In feite betekent routering voor contactoverschotten voor een agent die net beschikbaar is geworden, het selecteren van één contact dat:

  • Van hetzelfde mediatype is als de agent beschikbaar is
  • Geparkeerd is in een van de wachtrijen waaraan deze agent is gekoppeld
  • Voor de vaardigheidsvereisten (indien van toepassing) door deze agent
  • Geparkeerd is in een wachtrij waarvan de rang hoger is dan andere wachtrijen zoals geconfigureerd in het team van de agent.
  • De hoogste prioriteit heeft van alle dergelijke contacten
  • Is het oudste wachtende contact tussen contacten met dezelfde prioriteit

In het bovenstaande voorbeeld, dat een scenario voor een overschot op contacten illustreert, heeft agent A1 zich aangemeld bij TEAM 1 en is beschikbaar geworden voor het afhandelen van contacten op meerdere mediatypen.

A1 is gekoppeld aan 3 wachtrijen - Q1, Q2 en Q3. TEAM 1 heeft ook de wachtrijrangorde gedefinieerd waarbij Q1 de hoogste rang krijgt en vervolgens Q2 en Q3 respectievelijk.

Er zijn al contacten geparkeerd in al deze wachtrijen, waarbij de vaardigheidsvereisten en prioriteit voor elk contact zijn gedefinieerd.

Het scenario voor het contactoverschot werkt nu als volgt:

  • Van alle geparkeerde contacten in deze wachtrijen kunnen slechts 4 contacten worden gerouteerd naar A1–C2 , C7 (van WACHTRIJ 2) enC3,C8 (uit WACHTRIJ 3).

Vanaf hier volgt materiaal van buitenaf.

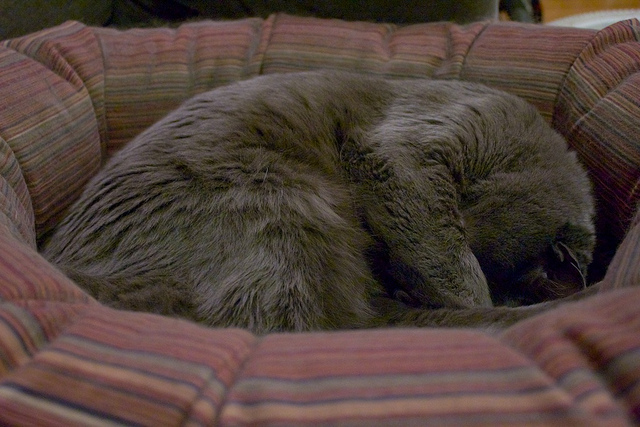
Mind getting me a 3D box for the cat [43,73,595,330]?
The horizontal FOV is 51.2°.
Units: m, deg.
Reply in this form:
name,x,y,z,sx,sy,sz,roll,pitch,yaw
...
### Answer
name,x,y,z,sx,sy,sz,roll,pitch,yaw
cat,0.045,-0.060,1.679,1.175,0.505,0.654,-5,36,-12
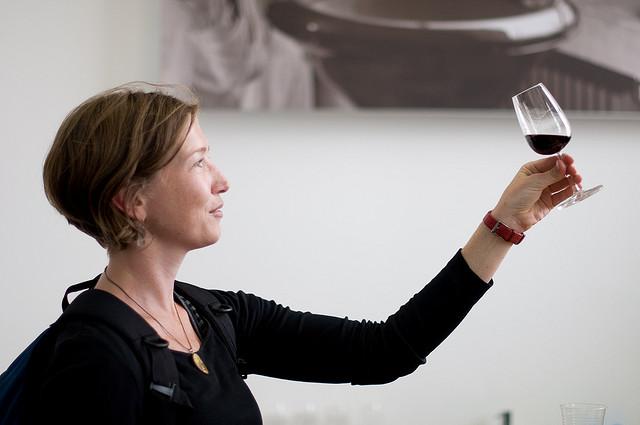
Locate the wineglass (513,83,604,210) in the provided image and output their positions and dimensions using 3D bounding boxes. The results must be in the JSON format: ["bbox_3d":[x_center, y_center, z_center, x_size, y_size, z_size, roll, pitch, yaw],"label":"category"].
[{"bbox_3d":[0.781,-0.230,2.771,0.157,0.396,0.162,-37,19,-35],"label":"wineglass"}]

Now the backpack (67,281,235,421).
[{"bbox_3d":[-0.481,0.423,2.594,0.409,0.490,0.437,-25,-29,32],"label":"backpack"}]
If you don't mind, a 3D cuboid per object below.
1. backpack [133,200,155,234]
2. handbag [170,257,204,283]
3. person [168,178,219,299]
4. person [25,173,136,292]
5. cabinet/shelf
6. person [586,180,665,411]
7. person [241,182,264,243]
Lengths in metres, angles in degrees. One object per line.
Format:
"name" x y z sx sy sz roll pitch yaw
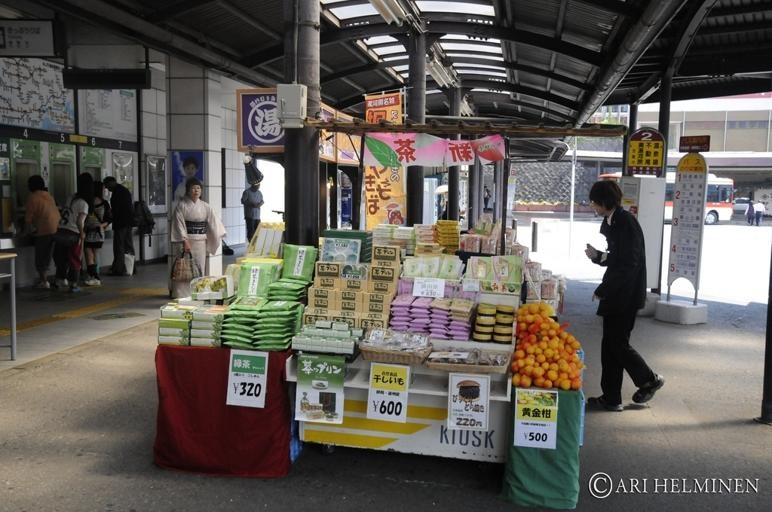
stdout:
"backpack" -5.840 -0.929 14.425 0.477 0.916 0.675 -5 13 -15
"handbag" -3.289 0.227 9.983 0.173 0.432 0.457 0 -2 43
"person" -3.539 -0.307 10.720 1.022 2.561 1.108 -4 -8 4
"person" -6.317 -0.495 11.954 0.960 2.323 1.540 4 7 27
"cabinet/shelf" 0.530 1.233 6.756 2.122 1.565 1.813 1 0 13
"person" 2.785 0.505 7.428 1.045 2.842 1.001 -5 -9 19
"person" -3.817 -1.237 17.211 0.643 1.721 1.555 0 6 -12
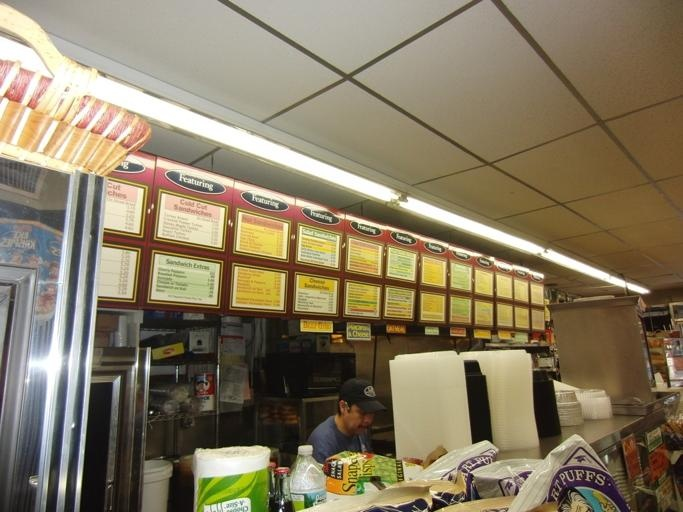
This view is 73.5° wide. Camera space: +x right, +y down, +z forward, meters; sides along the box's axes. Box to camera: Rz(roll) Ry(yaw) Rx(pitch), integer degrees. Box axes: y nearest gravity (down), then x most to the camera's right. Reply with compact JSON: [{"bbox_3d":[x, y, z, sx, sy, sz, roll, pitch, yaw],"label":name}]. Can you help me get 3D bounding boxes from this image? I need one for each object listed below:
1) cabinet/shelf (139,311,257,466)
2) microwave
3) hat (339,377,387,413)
[{"bbox_3d":[-1.106,1.009,3.650,0.550,1.087,1.144,-10,-18,25],"label":"cabinet/shelf"},{"bbox_3d":[-0.356,1.073,4.100,0.822,0.375,0.548,7,-19,-23],"label":"microwave"},{"bbox_3d":[0.132,0.837,2.836,0.331,0.148,0.222,8,-1,39],"label":"hat"}]
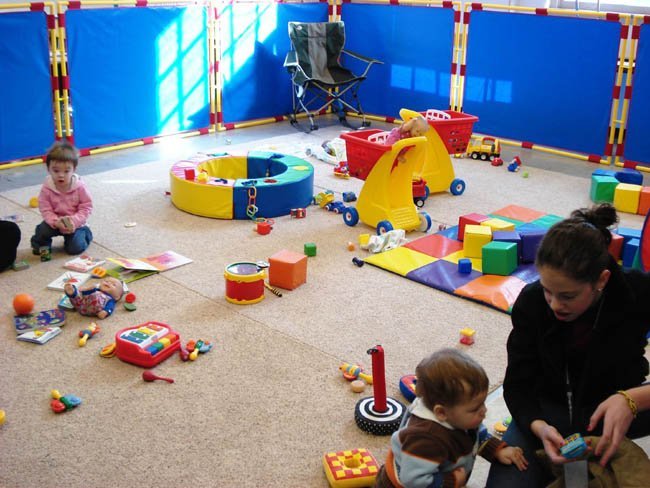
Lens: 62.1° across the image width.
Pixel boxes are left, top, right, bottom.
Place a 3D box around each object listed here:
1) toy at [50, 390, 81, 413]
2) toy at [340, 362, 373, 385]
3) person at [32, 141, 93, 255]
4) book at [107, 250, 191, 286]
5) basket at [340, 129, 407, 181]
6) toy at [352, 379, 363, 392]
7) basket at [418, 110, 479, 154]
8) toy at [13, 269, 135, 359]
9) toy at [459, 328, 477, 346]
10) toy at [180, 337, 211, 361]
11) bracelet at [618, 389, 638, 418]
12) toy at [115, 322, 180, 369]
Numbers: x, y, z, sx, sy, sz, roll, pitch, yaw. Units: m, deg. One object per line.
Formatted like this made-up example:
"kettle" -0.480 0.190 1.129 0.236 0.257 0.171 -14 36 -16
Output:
"toy" -1.319 0.794 2.712 0.115 0.034 0.110 -4 21 -32
"toy" 0.170 0.704 2.958 0.140 0.057 0.097 24 31 18
"person" -2.166 -0.365 4.346 0.485 0.852 0.508 -7 23 -23
"book" -1.343 0.160 4.128 0.402 0.076 0.281 -19 31 -41
"basket" 0.426 -0.848 5.182 0.522 0.399 0.596 14 22 33
"toy" 0.173 0.755 2.863 0.056 0.028 0.053 0 22 4
"basket" 1.309 -1.317 6.103 0.574 0.373 0.738 -12 22 -24
"toy" -1.534 0.448 3.462 0.425 0.222 0.587 24 25 2
"toy" 0.867 0.555 3.302 0.098 0.088 0.094 11 24 22
"toy" -0.769 0.613 3.148 0.124 0.030 0.120 8 19 21
"bracelet" 1.083 0.573 1.929 0.074 0.080 0.071 15 24 31
"toy" -1.060 0.564 3.098 0.262 0.101 0.273 16 24 24
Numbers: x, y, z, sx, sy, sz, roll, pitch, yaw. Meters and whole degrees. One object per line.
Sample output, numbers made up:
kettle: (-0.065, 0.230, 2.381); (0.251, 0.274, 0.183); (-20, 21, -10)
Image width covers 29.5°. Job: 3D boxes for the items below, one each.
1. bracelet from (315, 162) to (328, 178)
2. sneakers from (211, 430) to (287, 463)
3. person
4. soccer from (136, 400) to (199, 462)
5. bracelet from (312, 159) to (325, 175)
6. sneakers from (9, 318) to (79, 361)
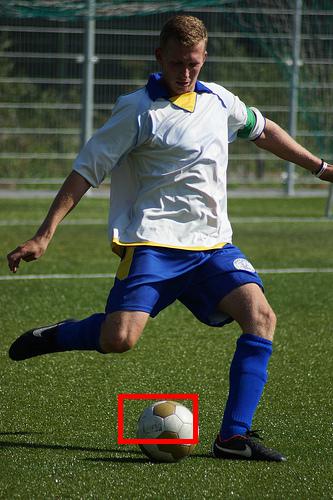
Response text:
bracelet: (0.669, -0.349, 2.782); (0.032, 0.064, 0.059); (32, -14, -16)
sneakers: (0.274, 0.682, 2.216); (0.286, 0.110, 0.089); (1, -6, 4)
person: (-0.022, -0.093, 2.364); (1.008, 1.544, 0.583); (3, 9, 9)
soccer: (-0.002, 0.641, 2.235); (0.217, 0.199, 0.211); (-5, -2, -3)
bracelet: (0.660, -0.363, 2.775); (0.024, 0.057, 0.054); (26, -17, -13)
sneakers: (-0.488, 0.382, 2.715); (0.375, 0.135, 0.127); (-10, 27, 9)
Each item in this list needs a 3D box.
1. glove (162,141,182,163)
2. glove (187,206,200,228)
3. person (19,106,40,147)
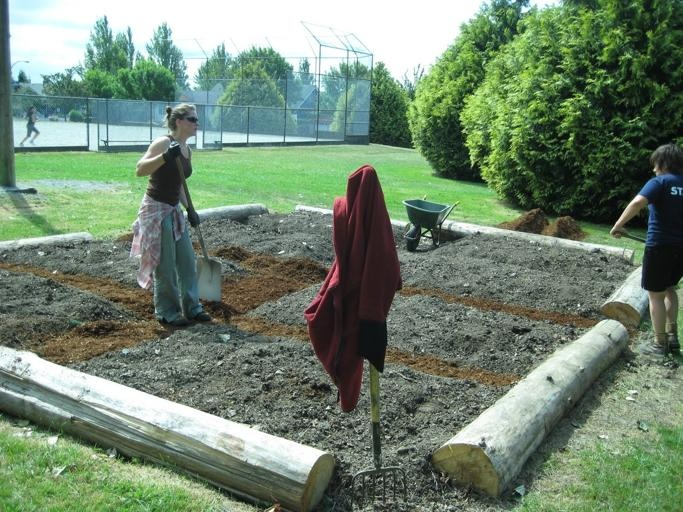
[{"bbox_3d":[-1.954,-1.203,8.567,0.193,0.214,0.282,-1,11,-13],"label":"glove"},{"bbox_3d":[-1.834,-0.479,9.199,0.142,0.225,0.063,17,28,35],"label":"glove"},{"bbox_3d":[-11.017,-4.607,26.170,0.559,1.299,3.355,-3,12,-23],"label":"person"}]
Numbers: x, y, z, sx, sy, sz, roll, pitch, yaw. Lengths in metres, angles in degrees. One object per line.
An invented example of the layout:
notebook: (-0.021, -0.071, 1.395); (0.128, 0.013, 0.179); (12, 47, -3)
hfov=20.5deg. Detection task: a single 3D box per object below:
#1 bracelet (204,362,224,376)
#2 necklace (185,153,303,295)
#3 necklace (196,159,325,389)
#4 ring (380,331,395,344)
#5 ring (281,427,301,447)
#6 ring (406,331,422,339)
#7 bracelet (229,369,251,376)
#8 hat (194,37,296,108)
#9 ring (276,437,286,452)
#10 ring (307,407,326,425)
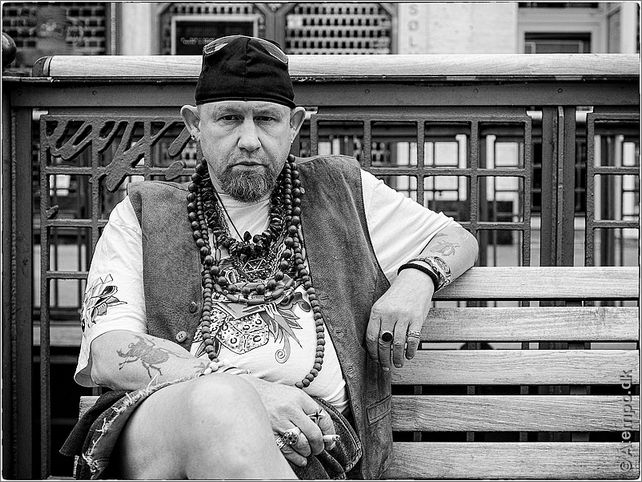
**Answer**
bracelet: (-0.566, 0.668, 9.340); (0.075, 0.022, 0.065); (-1, 34, 1)
necklace: (-0.399, -0.033, 9.763); (0.534, 0.736, 0.241); (-4, -11, -2)
necklace: (-0.348, 0.194, 9.515); (0.678, 1.127, 0.247); (-4, -14, -2)
ring: (0.349, 0.514, 9.505); (0.064, 0.064, 0.026); (0, -3, -15)
ring: (-0.161, 1.021, 9.271); (0.101, 0.095, 0.022); (0, -3, -4)
ring: (0.489, 0.500, 9.505); (0.063, 0.029, 0.067); (1, -1, 0)
bracelet: (-0.433, 0.692, 9.381); (0.073, 0.021, 0.048); (2, -7, 12)
hat: (-0.421, -0.909, 9.711); (0.482, 0.257, 0.432); (0, -6, -2)
ring: (-0.214, 1.055, 9.271); (0.072, 0.053, 0.017); (-5, 2, -5)
ring: (-0.034, 0.923, 9.362); (0.081, 0.074, 0.012); (-38, 35, -25)
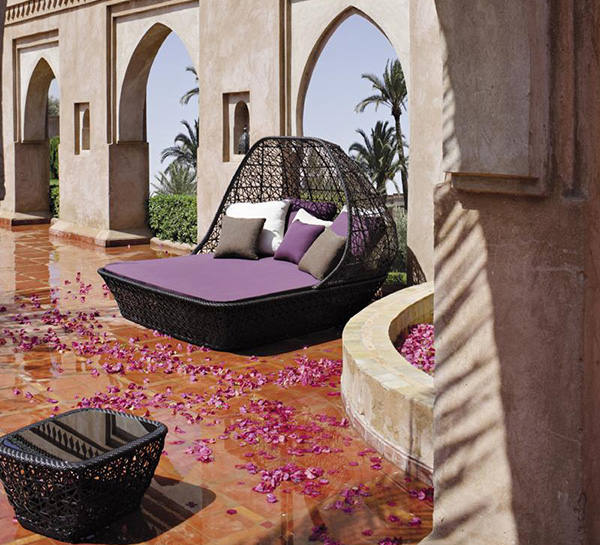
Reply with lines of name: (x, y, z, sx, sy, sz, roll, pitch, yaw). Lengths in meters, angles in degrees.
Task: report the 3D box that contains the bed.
bed: (-0.239, -0.575, 5.911, 2.550, 2.062, 3.396, 9, 12, 40)
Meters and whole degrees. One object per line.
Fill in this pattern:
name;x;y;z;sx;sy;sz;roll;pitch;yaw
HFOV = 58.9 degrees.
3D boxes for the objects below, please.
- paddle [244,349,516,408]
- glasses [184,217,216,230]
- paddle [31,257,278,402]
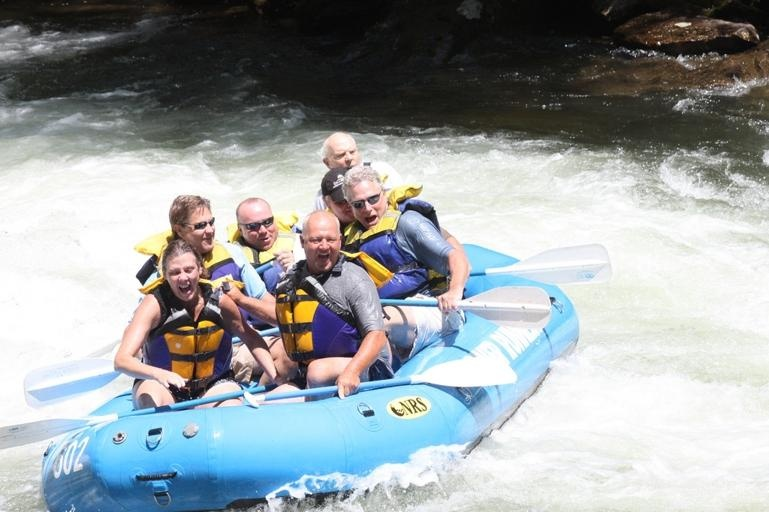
paddle;-0.057;0.939;5.158;2.237;0.104;0.410;-5;29;-10
glasses;-1.431;-0.257;5.454;0.070;0.076;0.211;4;14;34
paddle;-1.896;0.734;5.540;1.859;0.303;0.956;-26;56;-21
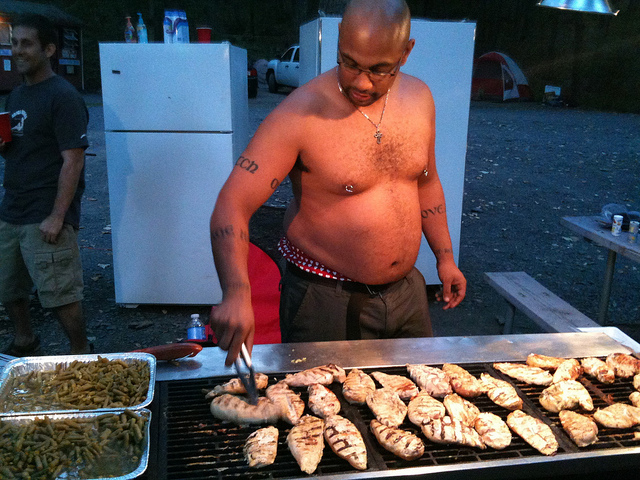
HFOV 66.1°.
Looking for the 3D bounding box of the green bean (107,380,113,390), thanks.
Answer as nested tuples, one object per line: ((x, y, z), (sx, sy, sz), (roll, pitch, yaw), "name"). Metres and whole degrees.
((-0.803, 0.553, 1.877), (0.009, 0.009, 0.034), (7, 10, -6), "green bean")

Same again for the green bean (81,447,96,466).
((-0.758, 0.705, 1.612), (0.069, 0.033, 0.018), (18, 25, 42), "green bean")

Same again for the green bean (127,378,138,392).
((-0.720, 0.546, 1.874), (0.019, 0.023, 0.087), (-23, 37, -23), "green bean")

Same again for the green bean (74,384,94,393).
((-0.898, 0.561, 1.866), (0.042, 0.012, 0.023), (-14, 20, -29), "green bean")

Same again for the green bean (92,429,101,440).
((-0.768, 0.664, 1.691), (0.025, 0.009, 0.020), (26, 22, -24), "green bean")

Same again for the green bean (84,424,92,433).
((-0.799, 0.648, 1.692), (0.011, 0.009, 0.040), (3, 19, 7), "green bean")

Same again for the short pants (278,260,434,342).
((0.198, 0.319, 2.457), (0.783, 0.418, 0.326), (-3, 19, -11), "short pants")

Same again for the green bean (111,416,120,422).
((-0.710, 0.620, 1.707), (0.026, 0.010, 0.019), (-11, 22, -31), "green bean")

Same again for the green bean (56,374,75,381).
((-0.988, 0.524, 1.894), (0.073, 0.019, 0.014), (-11, 51, -7), "green bean")

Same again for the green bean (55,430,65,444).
((-0.867, 0.657, 1.646), (0.009, 0.008, 0.031), (-15, 26, 21), "green bean")

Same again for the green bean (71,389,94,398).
((-0.898, 0.579, 1.860), (0.069, 0.017, 0.017), (-13, 23, -36), "green bean")

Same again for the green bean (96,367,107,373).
((-0.871, 0.517, 1.960), (0.035, 0.012, 0.017), (-16, 25, -41), "green bean")

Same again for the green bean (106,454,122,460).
((-0.676, 0.713, 1.622), (0.026, 0.009, 0.020), (2, -5, 45), "green bean")

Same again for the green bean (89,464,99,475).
((-0.728, 0.736, 1.584), (0.018, 0.006, 0.037), (4, 19, 11), "green bean")

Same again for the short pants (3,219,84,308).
((-2.222, 0.211, 3.881), (0.678, 0.711, 0.336), (3, 18, 6), "short pants")

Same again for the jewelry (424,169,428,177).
((0.560, -0.355, 2.605), (0.020, 0.029, 0.007), (2, 7, 16), "jewelry")

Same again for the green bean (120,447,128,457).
((-0.650, 0.705, 1.634), (0.022, 0.006, 0.017), (35, 11, 0), "green bean")

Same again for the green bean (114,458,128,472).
((-0.647, 0.733, 1.600), (0.041, 0.011, 0.009), (-24, 20, -35), "green bean")

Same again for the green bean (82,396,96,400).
((-0.866, 0.590, 1.840), (0.040, 0.007, 0.017), (-12, 22, -33), "green bean")

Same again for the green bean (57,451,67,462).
((-0.839, 0.705, 1.602), (0.018, 0.013, 0.034), (1, 18, -29), "green bean")

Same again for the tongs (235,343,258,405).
((-0.279, 0.481, 1.790), (0.022, 0.059, 0.287), (14, 24, -38), "tongs")

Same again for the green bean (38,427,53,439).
((-0.932, 0.652, 1.665), (0.031, 0.008, 0.030), (39, -6, -21), "green bean")

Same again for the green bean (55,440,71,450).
((-0.846, 0.677, 1.622), (0.029, 0.009, 0.028), (-5, 2, 0), "green bean")

    Alleen de vaardigheden van A1 voldoen volledig aan de vaardigheidsvereistenvan deze 4 contacten.

  • Van deze 4 contacten wordt voorrang gegeven aan contacten uit WACHTRIJ 2 (dat wil doen C2, C7), omdat WACHTRIJ 2 de hogere wachtrijrang heeft.

    Bedenk wel dat ook al is WACHTRIJ 1 de wachtrij met het hoogste rang, geen van de geparkeerde contacten kan worden gerouteerd naar A1 omdat A1 niet aan de vaardigheidsvereisten voldoet.

  • Tussen C2 en C7 is contact met de hoogste prioriteit C7. De uiteindelijke keuze is C7. Het systeem leidt deze door naar A1.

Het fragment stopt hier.